Exercise brief
Your answer needs to include each line of the records in which the string "materials" can be found.

--- Data to process Enclosed Below ---

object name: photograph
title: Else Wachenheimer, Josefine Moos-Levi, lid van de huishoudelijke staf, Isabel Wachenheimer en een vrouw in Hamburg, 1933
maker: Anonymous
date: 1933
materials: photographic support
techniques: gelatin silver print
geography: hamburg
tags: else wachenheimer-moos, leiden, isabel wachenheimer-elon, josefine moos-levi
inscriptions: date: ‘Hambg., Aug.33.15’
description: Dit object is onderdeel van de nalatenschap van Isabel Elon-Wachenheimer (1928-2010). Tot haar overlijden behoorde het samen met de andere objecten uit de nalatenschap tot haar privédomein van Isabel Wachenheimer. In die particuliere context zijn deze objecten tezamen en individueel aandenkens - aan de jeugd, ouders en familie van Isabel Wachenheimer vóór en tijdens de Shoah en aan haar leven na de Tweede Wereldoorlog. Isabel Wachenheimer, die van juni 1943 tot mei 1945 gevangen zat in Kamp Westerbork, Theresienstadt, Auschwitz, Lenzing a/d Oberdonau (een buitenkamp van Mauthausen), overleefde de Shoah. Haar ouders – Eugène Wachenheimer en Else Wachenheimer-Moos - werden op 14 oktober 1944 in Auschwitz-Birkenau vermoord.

--- End of Enclosed Data to process ---
--- Data to process Enclosed Below ---

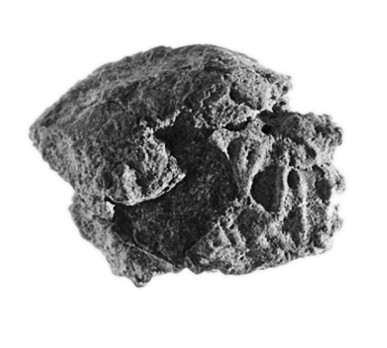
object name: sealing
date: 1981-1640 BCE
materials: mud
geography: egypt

--- End of Enclosed Data to process ---

Solution below
materials: photographic support
materials: mud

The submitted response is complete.